Capitale d’Aquido – royaume de Rumbur
Ses doigts tremblants s’accrochèrent au poignet tendu vers elle. Elle regardait cette pierre posée dans le creux de la main, source de sa si grande longévité. Bénédiction et malédiction. Elle était épuisée. Elle avala l’hématite à l’aide d’un verre d’eau et toussa. Elle grogna un juron indigne de son statut. Llyr avait parfaitement raison. Ce détesté et tant aimé fils avait rarement tort et cela lui lacérait le cœur de l’admettre. Nar s’affaiblissait de jour en jour, d’heure en heure. Elle et Wilam avaient cherché dans de vieux grimoires, dans d’antiques archives qui avaient survécu à l’humidité et au temps.
Rien.
Il n’y avait rien pour la sauver.
Rien. Lavena abhorrait ce mot. Il voulait tout dire, cracher au visage cette impuissance qu’elle se refusait de le reconnaître. Rumbur avait encore besoin de Nar. Ses fidèles avaient besoin de leur dieu, de leur guide, de leur phare. Elle ne pouvait se permettre de s’affaiblir et de disparaître tandis qu’une nouvelle guerre s’annonçait. Un autre Gwrac’h Bretzel. Cette fois, Lavena savait qu’elle ne serait pas victorieuse de ce long et funeste combat. Llyr s’était bien chargé de le lui faire comprendre après lui avoir rendu visite dans sa tente. Il avait appuyé ses propos lorsqu’il avait repris chaque ville et village portuaires, ses vagues destructrices d’un rouge sang qui emportaient tout sur leur passage, ses fidèles se révélant au grand jour.

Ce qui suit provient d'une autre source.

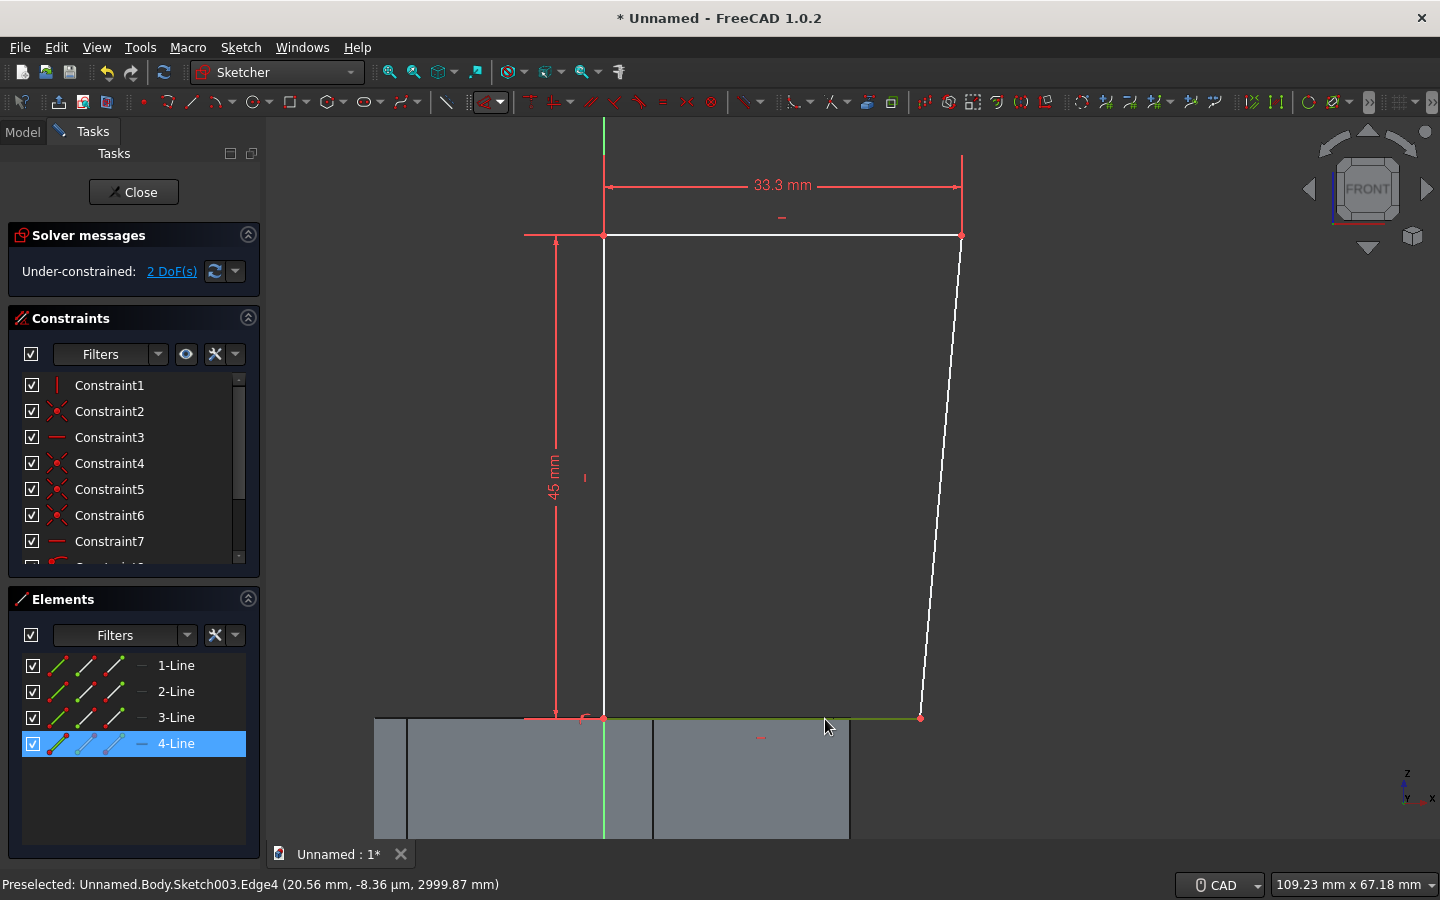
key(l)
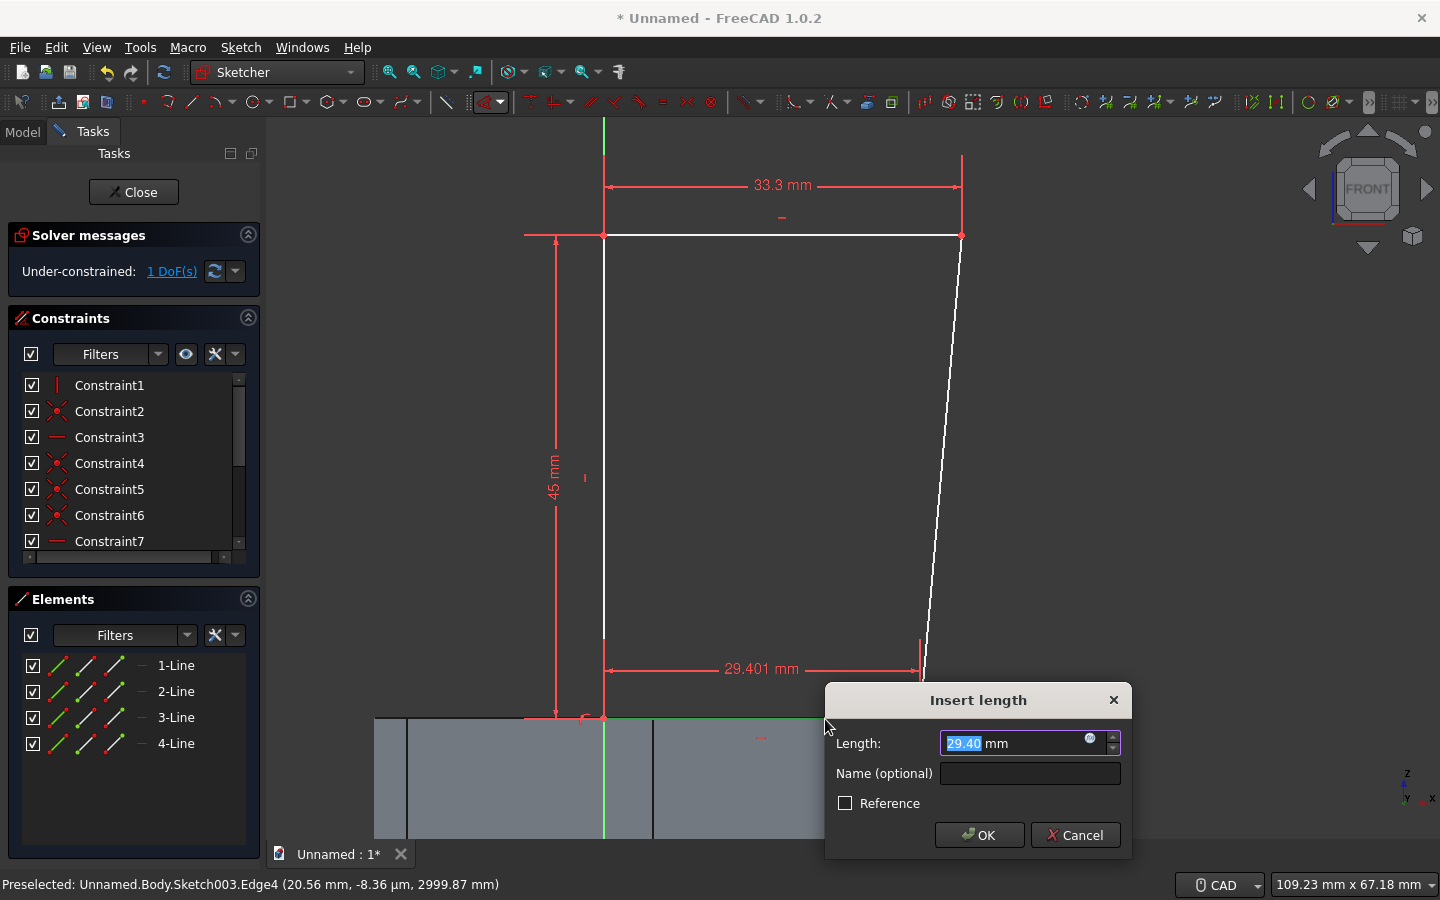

Allongée dans son bain refroidi, les yeux plongés dans le vide, Lavena ne parvenait pas à trouver la force d’en sortir, d’affronter le monde extérieur avec la guerre qu’elle avait elle-même créée. La sorcière en voulait atrocement à son compagnon de lui avoir arraché sa fille la plus précieuse, de ne pas avoir refusé de lui retirer son âme, son essence, de lui laisser une dernière chance. Personnification de la Mort ou non, Maro n’avait pas le droit de la faire autour autant souffrir. Elle, la personnification de la Vie. Son épouse. Son âme sœur. L’autre face de la pièce. Tout était parti de là. D’une perte de trop de l’un de ses enfants, de ce poignard planté dans son cœur qui saignait encore aujourd’hui de cette trahison.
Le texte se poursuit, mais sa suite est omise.